*** INFORMATION SUPPLIED ***

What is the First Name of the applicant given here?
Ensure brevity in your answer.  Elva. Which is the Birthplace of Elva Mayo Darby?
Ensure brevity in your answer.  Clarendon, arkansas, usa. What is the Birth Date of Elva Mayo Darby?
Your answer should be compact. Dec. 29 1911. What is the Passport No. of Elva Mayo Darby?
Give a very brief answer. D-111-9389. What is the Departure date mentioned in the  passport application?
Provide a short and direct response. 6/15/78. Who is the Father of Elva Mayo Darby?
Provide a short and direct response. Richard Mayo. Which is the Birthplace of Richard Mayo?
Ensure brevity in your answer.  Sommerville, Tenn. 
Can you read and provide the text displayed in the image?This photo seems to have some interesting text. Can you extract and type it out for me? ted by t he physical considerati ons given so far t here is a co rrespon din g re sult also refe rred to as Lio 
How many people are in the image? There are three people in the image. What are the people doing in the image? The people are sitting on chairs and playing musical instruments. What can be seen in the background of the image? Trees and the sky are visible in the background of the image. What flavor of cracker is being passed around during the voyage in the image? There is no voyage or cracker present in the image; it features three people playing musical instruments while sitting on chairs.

*** End of INFORMATION SUPPLIED ***

• WHAT THE TASK REQUIRES: Copy out the range of lines above starting at the line with "Your answer should" and ending at the line with "Can you read", exactly and including both.

• ANSWER TO THIS EXERCISE:
Your answer should be compact. Dec. 29 1911. What is the Passport No. of Elva Mayo Darby?
Give a very brief answer. D-111-9389. What is the Departure date mentioned in the  passport application?
Provide a short and direct response. 6/15/78. Who is the Father of Elva Mayo Darby?
Provide a short and direct response. Richard Mayo. Which is the Birthplace of Richard Mayo?
Ensure brevity in your answer.  Sommerville, Tenn. 
Can you read and provide the text displayed in the image?This photo seems to have some interesting text. Can you extract and type it out for me? ted by t he physical considerati ons given so far t here is a co rrespon din g re sult also refe rred to as Lio 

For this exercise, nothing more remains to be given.